Elly Schlein ha un profilo progressista e ha cercato di spingere il PD verso un
maggiore impegno su temi sociali, ambientali e di giustizia economica,
avvicinandolo di più a forze come il M5S e SI. Tuttavia, il PD è storicamente
un partito ampio, con una base elettorale che include anche moderati e riformisti,
il che rende difficile soddisfare tutti.
Schlein
dovrà cercare di costruire un progetto politico che sia abbastanza inclusivo da
tenere insieme queste diverse anime, senza perdere di vista la necessità di
battere la destra. Tuttavia, come abbiamo visto anche nel caso delle tensioni
con Renzi e Bellanova, l’inclusione di forze più moderate rischia di alienare
quella parte della sinistra che vuole un chiaro distacco dal neoliberismo e
dalle politiche che considerano di destra.
Intervistatore: In conclusione, come vede il
futuro del centrosinistra italiano? Crede che queste forze possano superare le
loro differenze per costruire un fronte comune contro la destra?
Dott. Bruno: Guardando alla situazione attuale,
credo sia difficile pensare che i partiti, per come sono strutturati e per i
comportamenti che osserviamo, abbiano l'attitudine a superare le reciproche
delegittimazioni. Le critiche e i conflitti interni sono troppo radicati, e le
dinamiche politiche sembrano privilegiare la difesa delle singole identità e
l'autoconservazione, piuttosto che un reale sforzo di collaborazione.
Proprio per
questo motivo, la soluzione non può essere lasciata solo nelle mani dei
partiti.

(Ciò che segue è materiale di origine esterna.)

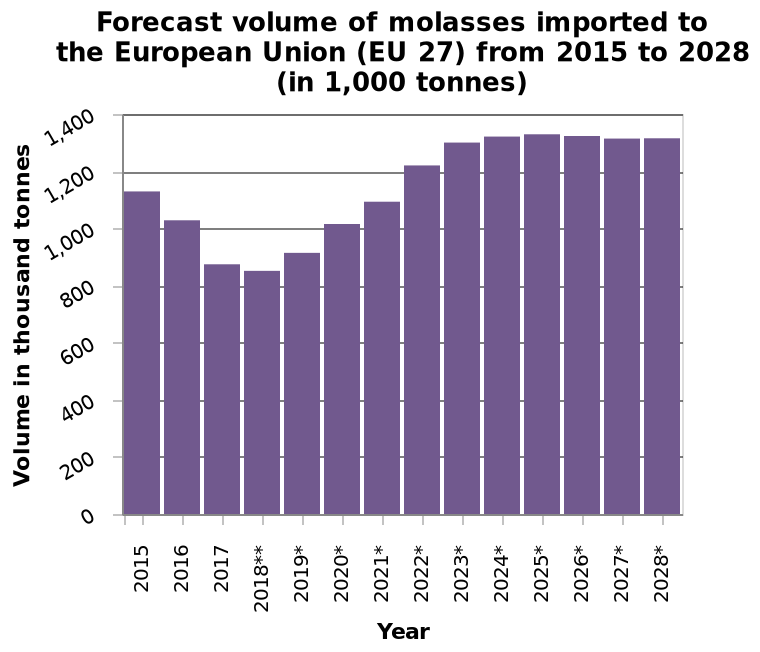<image>
please summary the statistics and relations of the chart From 2023 the level seems to be fairly steady for the rest of the chart. What is the lowest volume of molasses imported to the EU during the given time period? The lowest volume of molasses imported to the EU during the given time period is not specified in the description. Describe the following image in detail Forecast volume of molasses imported to the European Union (EU 27) from 2015 to 2028 (in 1,000 tonnes) is a bar graph. The y-axis shows Volume in thousand tonnes along linear scale from 0 to 1,400 while the x-axis measures Year with categorical scale starting at 2015 and ending at . 
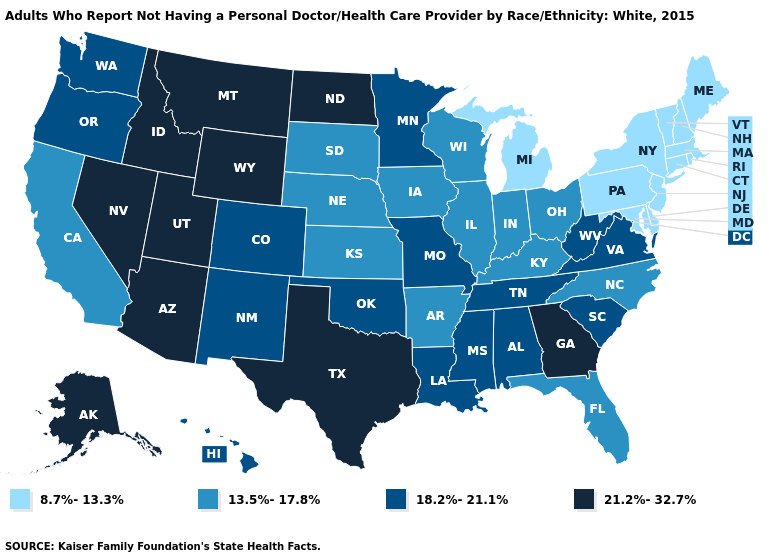What is the lowest value in states that border Wisconsin?
Write a very short answer. 8.7%-13.3%. What is the highest value in the MidWest ?
Give a very brief answer. 21.2%-32.7%. How many symbols are there in the legend?
Keep it brief. 4. Does North Carolina have the lowest value in the USA?
Be succinct. No. What is the highest value in the West ?
Give a very brief answer. 21.2%-32.7%. Which states have the lowest value in the USA?
Concise answer only. Connecticut, Delaware, Maine, Maryland, Massachusetts, Michigan, New Hampshire, New Jersey, New York, Pennsylvania, Rhode Island, Vermont. Among the states that border California , does Oregon have the highest value?
Answer briefly. No. What is the value of South Dakota?
Concise answer only. 13.5%-17.8%. Name the states that have a value in the range 18.2%-21.1%?
Short answer required. Alabama, Colorado, Hawaii, Louisiana, Minnesota, Mississippi, Missouri, New Mexico, Oklahoma, Oregon, South Carolina, Tennessee, Virginia, Washington, West Virginia. Which states hav the highest value in the West?
Concise answer only. Alaska, Arizona, Idaho, Montana, Nevada, Utah, Wyoming. Does the first symbol in the legend represent the smallest category?
Answer briefly. Yes. What is the value of New Jersey?
Quick response, please. 8.7%-13.3%. Name the states that have a value in the range 8.7%-13.3%?
Concise answer only. Connecticut, Delaware, Maine, Maryland, Massachusetts, Michigan, New Hampshire, New Jersey, New York, Pennsylvania, Rhode Island, Vermont. Name the states that have a value in the range 13.5%-17.8%?
Write a very short answer. Arkansas, California, Florida, Illinois, Indiana, Iowa, Kansas, Kentucky, Nebraska, North Carolina, Ohio, South Dakota, Wisconsin. What is the highest value in the USA?
Keep it brief. 21.2%-32.7%. 
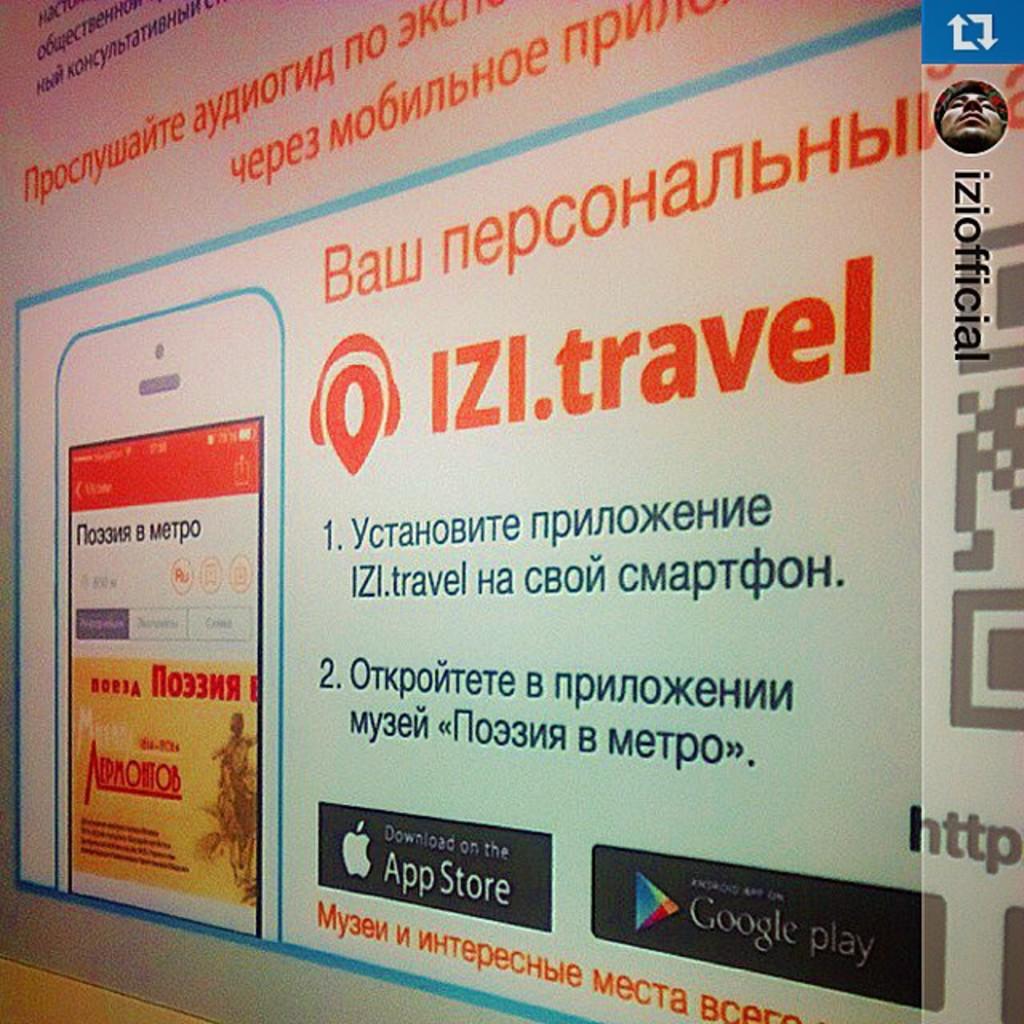Which store can the application be downloaded on?
Give a very brief answer. App store. What are the three letters before the word travel on the wall?
Offer a very short reply. Izi. 
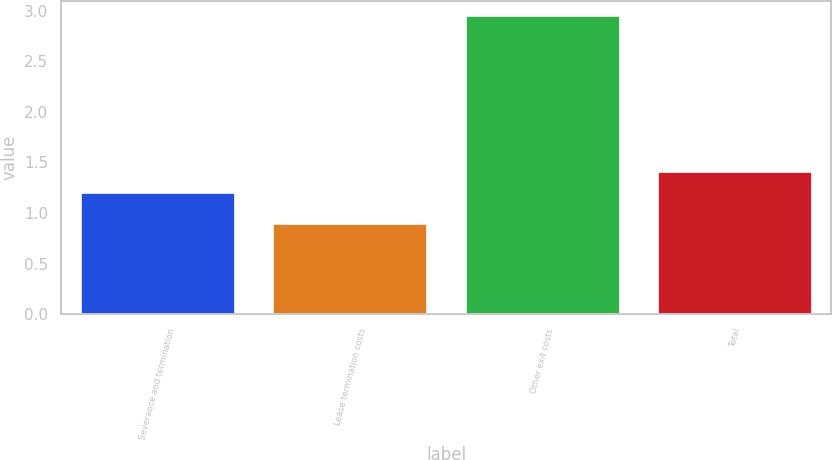Convert chart. <chart><loc_0><loc_0><loc_500><loc_500><bar_chart><fcel>Severance and termination<fcel>Lease termination costs<fcel>Other exit costs<fcel>Total<nl><fcel>1.2<fcel>0.89<fcel>2.95<fcel>1.41<nl></chart> 
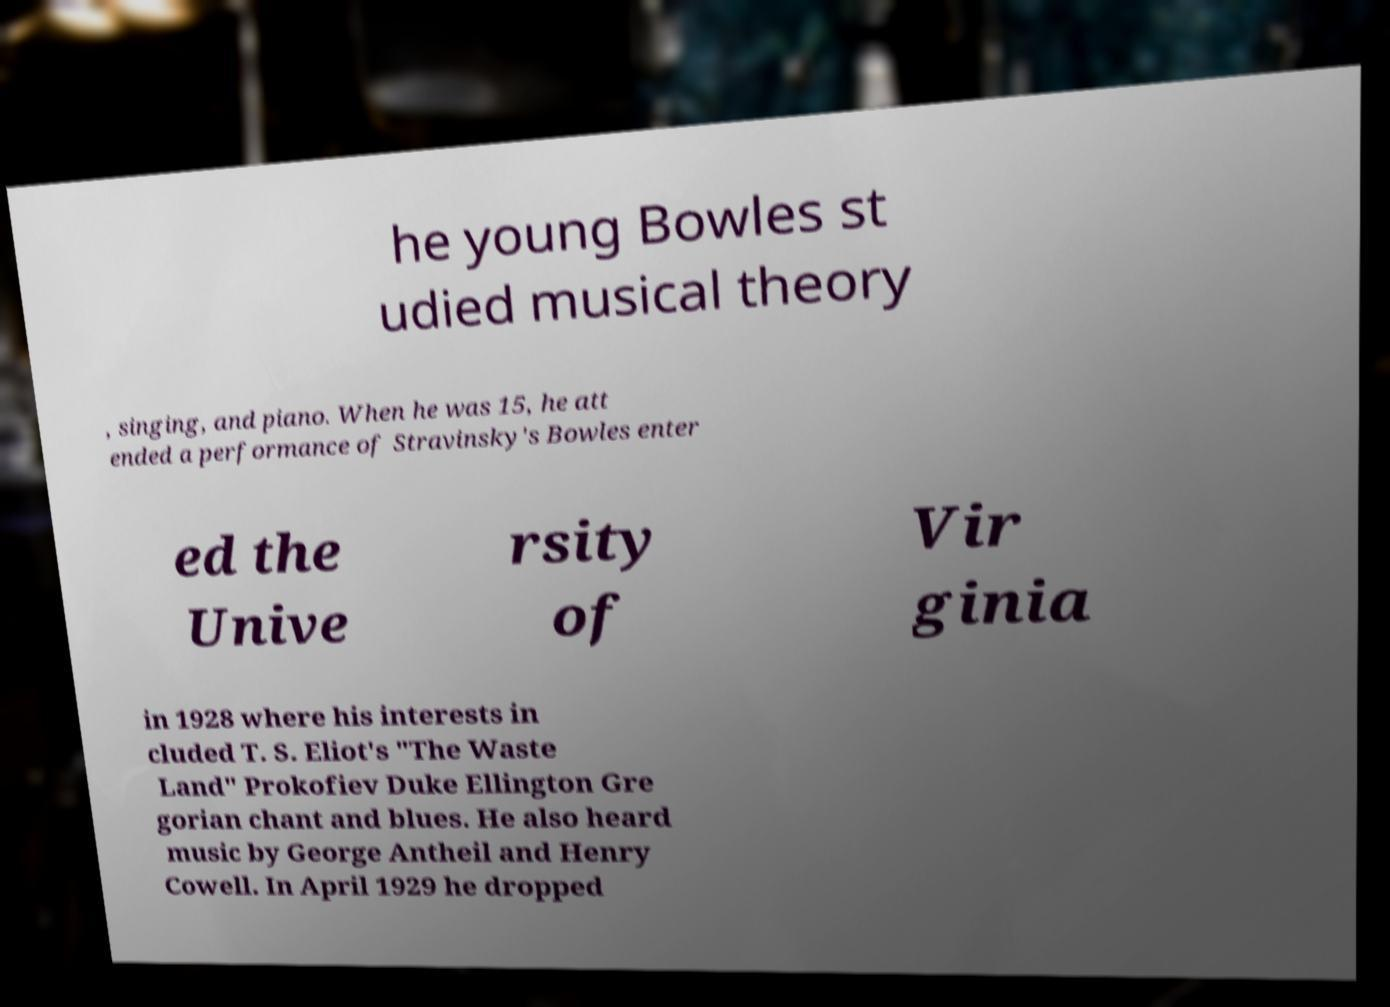I need the written content from this picture converted into text. Can you do that? he young Bowles st udied musical theory , singing, and piano. When he was 15, he att ended a performance of Stravinsky's Bowles enter ed the Unive rsity of Vir ginia in 1928 where his interests in cluded T. S. Eliot's "The Waste Land" Prokofiev Duke Ellington Gre gorian chant and blues. He also heard music by George Antheil and Henry Cowell. In April 1929 he dropped 
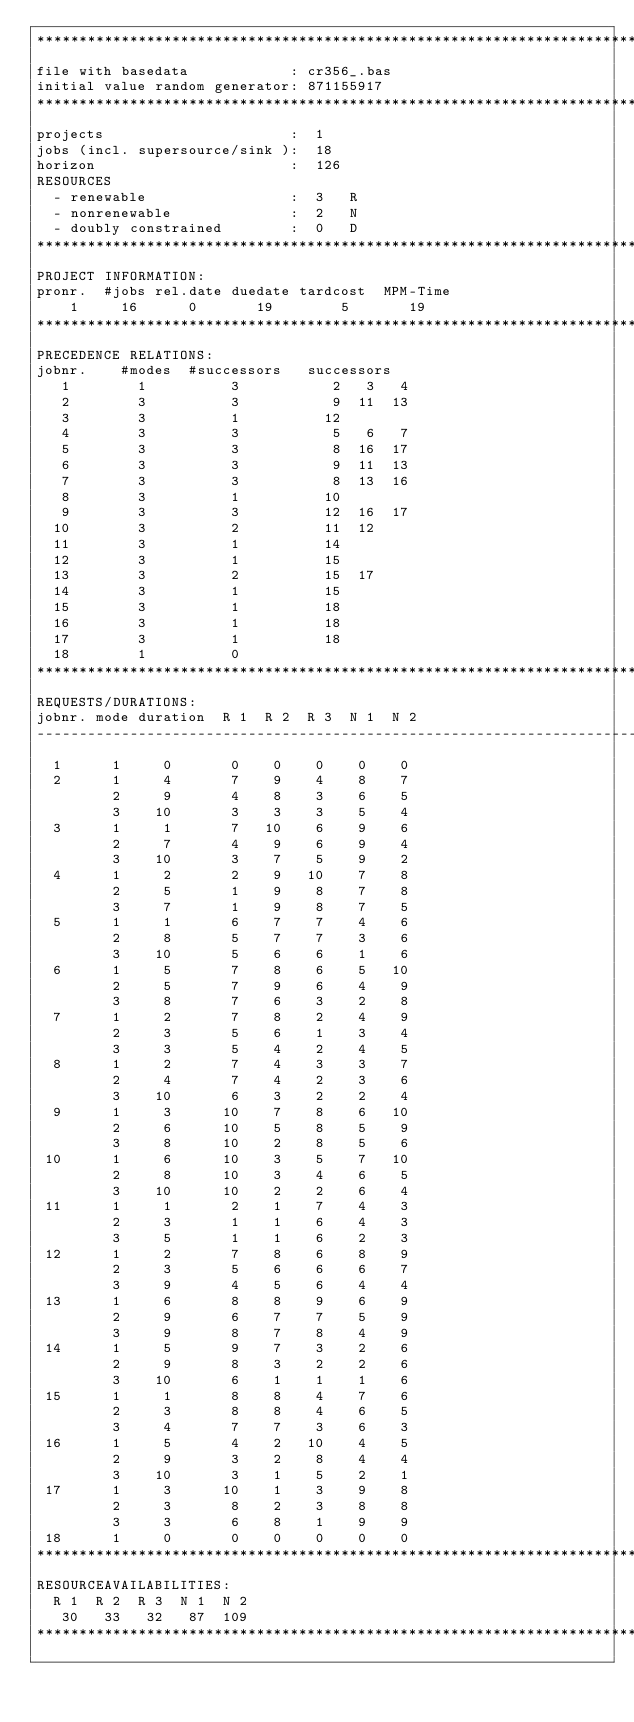Convert code to text. <code><loc_0><loc_0><loc_500><loc_500><_ObjectiveC_>************************************************************************
file with basedata            : cr356_.bas
initial value random generator: 871155917
************************************************************************
projects                      :  1
jobs (incl. supersource/sink ):  18
horizon                       :  126
RESOURCES
  - renewable                 :  3   R
  - nonrenewable              :  2   N
  - doubly constrained        :  0   D
************************************************************************
PROJECT INFORMATION:
pronr.  #jobs rel.date duedate tardcost  MPM-Time
    1     16      0       19        5       19
************************************************************************
PRECEDENCE RELATIONS:
jobnr.    #modes  #successors   successors
   1        1          3           2   3   4
   2        3          3           9  11  13
   3        3          1          12
   4        3          3           5   6   7
   5        3          3           8  16  17
   6        3          3           9  11  13
   7        3          3           8  13  16
   8        3          1          10
   9        3          3          12  16  17
  10        3          2          11  12
  11        3          1          14
  12        3          1          15
  13        3          2          15  17
  14        3          1          15
  15        3          1          18
  16        3          1          18
  17        3          1          18
  18        1          0        
************************************************************************
REQUESTS/DURATIONS:
jobnr. mode duration  R 1  R 2  R 3  N 1  N 2
------------------------------------------------------------------------
  1      1     0       0    0    0    0    0
  2      1     4       7    9    4    8    7
         2     9       4    8    3    6    5
         3    10       3    3    3    5    4
  3      1     1       7   10    6    9    6
         2     7       4    9    6    9    4
         3    10       3    7    5    9    2
  4      1     2       2    9   10    7    8
         2     5       1    9    8    7    8
         3     7       1    9    8    7    5
  5      1     1       6    7    7    4    6
         2     8       5    7    7    3    6
         3    10       5    6    6    1    6
  6      1     5       7    8    6    5   10
         2     5       7    9    6    4    9
         3     8       7    6    3    2    8
  7      1     2       7    8    2    4    9
         2     3       5    6    1    3    4
         3     3       5    4    2    4    5
  8      1     2       7    4    3    3    7
         2     4       7    4    2    3    6
         3    10       6    3    2    2    4
  9      1     3      10    7    8    6   10
         2     6      10    5    8    5    9
         3     8      10    2    8    5    6
 10      1     6      10    3    5    7   10
         2     8      10    3    4    6    5
         3    10      10    2    2    6    4
 11      1     1       2    1    7    4    3
         2     3       1    1    6    4    3
         3     5       1    1    6    2    3
 12      1     2       7    8    6    8    9
         2     3       5    6    6    6    7
         3     9       4    5    6    4    4
 13      1     6       8    8    9    6    9
         2     9       6    7    7    5    9
         3     9       8    7    8    4    9
 14      1     5       9    7    3    2    6
         2     9       8    3    2    2    6
         3    10       6    1    1    1    6
 15      1     1       8    8    4    7    6
         2     3       8    8    4    6    5
         3     4       7    7    3    6    3
 16      1     5       4    2   10    4    5
         2     9       3    2    8    4    4
         3    10       3    1    5    2    1
 17      1     3      10    1    3    9    8
         2     3       8    2    3    8    8
         3     3       6    8    1    9    9
 18      1     0       0    0    0    0    0
************************************************************************
RESOURCEAVAILABILITIES:
  R 1  R 2  R 3  N 1  N 2
   30   33   32   87  109
************************************************************************
</code> 
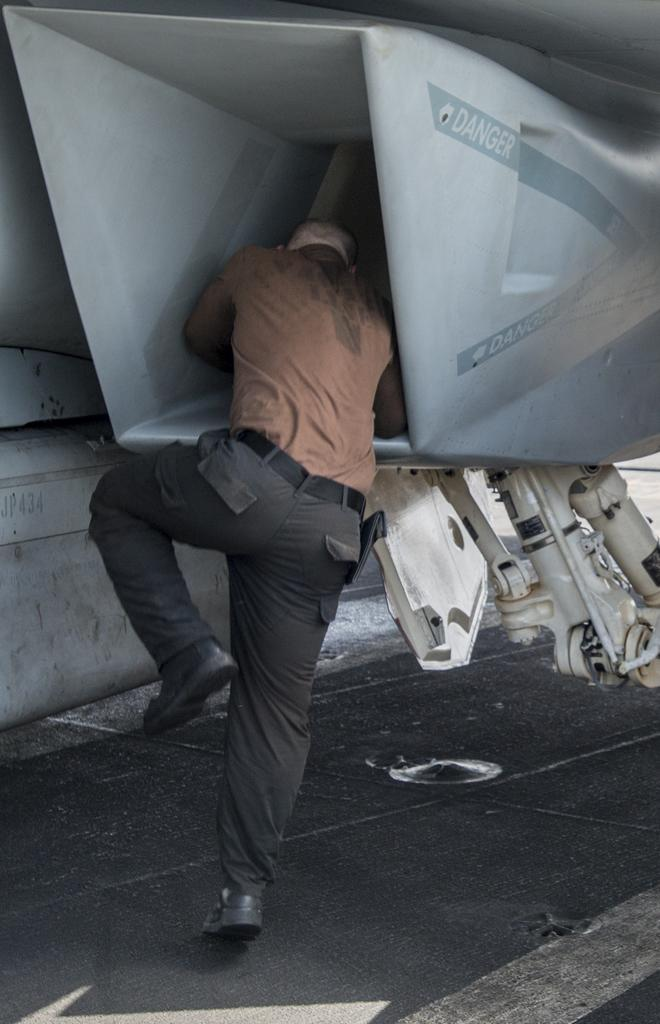Who or what can be seen in the image? There is a person in the image. What is the person wearing? The person is wearing a brown and black colored dress. Where is the person standing? The person is standing on the ground. What is the large grey object in the image? There is a huge grey colored object in the image. What is the person's opinion on the argument between the two animals in the image? There are no animals or argument present in the image, so it is not possible to determine the person's opinion on the matter. 
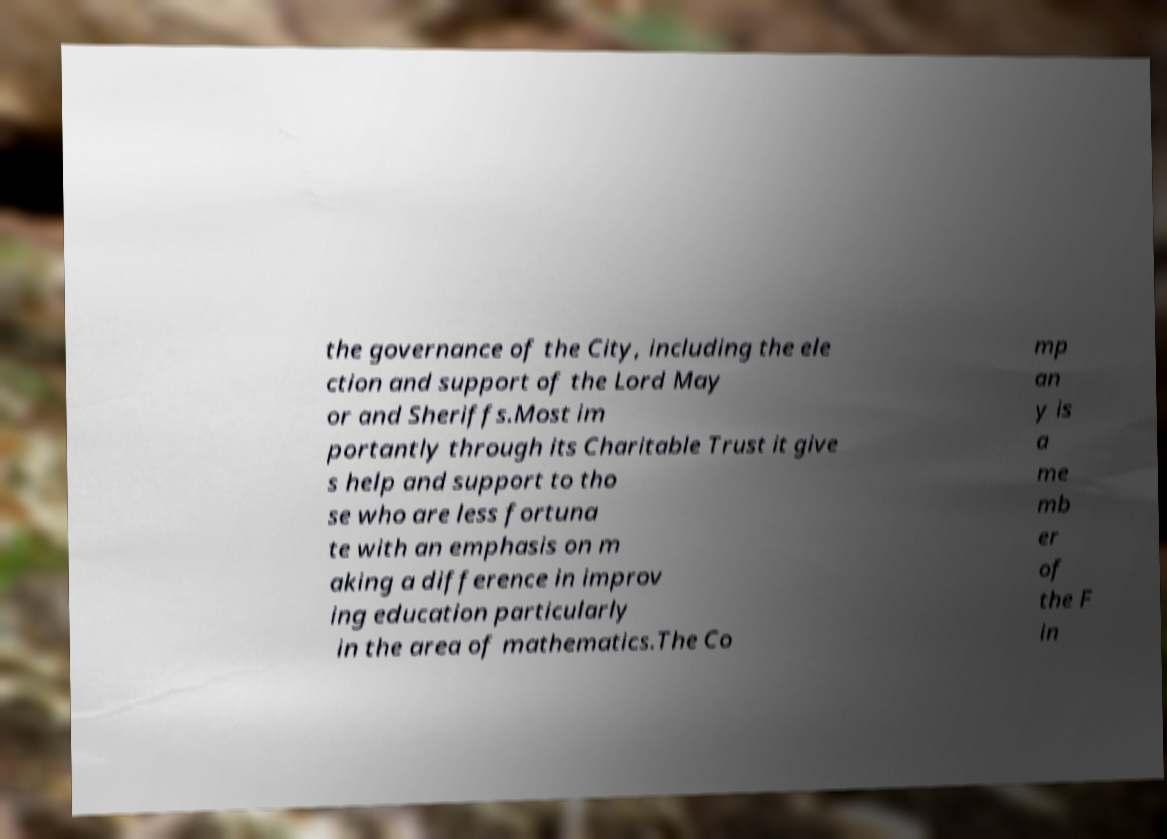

Ritengo sia fondamentale avviare un processo che parta direttamente
dai cittadini. Assemblee popolari aperte, dove chiunque possa partecipare e
discutere liberamente, potrebbero essere il vero motore per la creazione di un
progetto comune. Solo attraverso un dialogo ampio e inclusivo, basato su
conversazioni collettive e trasparenti, si possono far emergere le priorità
condivise e gli accordi necessari per costruire un’alternativa solida alla
destra.
I partiti
dovrebbero, a loro volta, impegnarsi a partecipare a questo processo
democratico, dichiarando pubblicamente la loro disponibilità a collaborare
sulla base delle proposte che emergeranno da queste assemblee. In questo modo,
si darebbe voce ai cittadini e si potrebbe costruire una piattaforma che non
sia frutto di accordi di potere tra leader, ma che rappresenti veramente le
istanze della popolazione. Solo così si può sperare di creare un fronte comune
che riesca a superare le divisioni e a presentarsi come un’alternativa
credibile e unita.
Intervistatore: Grazie per questa proposta e la
sua analisi, Dottor Bruno.
L'intervista
si conclude con una riflessione su come il cambiamento debba partire dalla base
della società, attraverso un processo di coinvolgimento diretto dei cittadini,
con i partiti che partecipano in modo collaborativo a un progetto comune.